Currently I have my Warrior sitting at 60 and he is my only viably geared character for doing big kid stuff.  Then you have my Dragoon that I also leveled to 60, but promptly abandoned because playing that class in Heavensward was just so much less enjoyable for me than it was in ARR.  When I was last furiously playing the game I was working on my Bard, which had become my defacto dps class for awhile and I managed to get it up to 55.  Then we drop down to my 50s which are Paladin that I have not touched since Heavensward because I simply don’t really like playing a Paladin tank.  We have my newly raised trio of casters in the form of the Scholar, Summoner and Black Mage all sitting at 50.  Then we drop down to some 30 somethings with Ninja at 38, Monk at 33, and Dark Knight at 33.  I have yet to even pick up the quest to be a Machinist or an Astrologian but at some point I probably need to do that so that I can weave those into the rotation as well.  Now I am sort of torn as to what I should pick to level next, but for the moment I am leaning towards either the Dark Knight because I miss playing heavy armor classes… or the Ninja because they are just really fun to play.

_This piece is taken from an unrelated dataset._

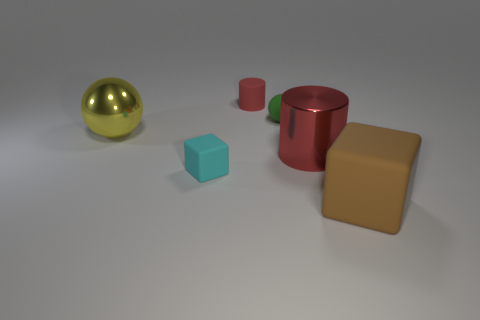What time of day does the lighting in this image suggest? The image seems to be lit with neutral, diffuse lighting that doesn't indicate a specific time of day. It's likely an indoor photo with controlled studio lighting, as there are no strong shadows or indications of natural light from a sun source.

The other set of goals that is staring me in the face is that when I last left my crafting… I had managed to push everything up to 21… with mining and foraging sitting at 50.  At some point I really want to start this grind again and push everything up to at least the point where I can make glamour prisms.  In theory I should be doing my beast tribe dailies to use those to level my crafting, but I just haven’t reached a point of getting back into the game enough to sort everything out to be able to do that.  Once I finished with the Sahagin I sort of let the beast tribe thing die once again…  but in theory should be doing the Ixal at least for crafting levels.  Whatever the case it seems like I have been assimilated back into Final Fantasy XIV, and have more goals than I can realistically accomplish.  My Warrior gear could also always be improved, but I am just finding PotD a relaxing way to spend my evenings…  but sadly one that is not terribly interesting to write blog posts about.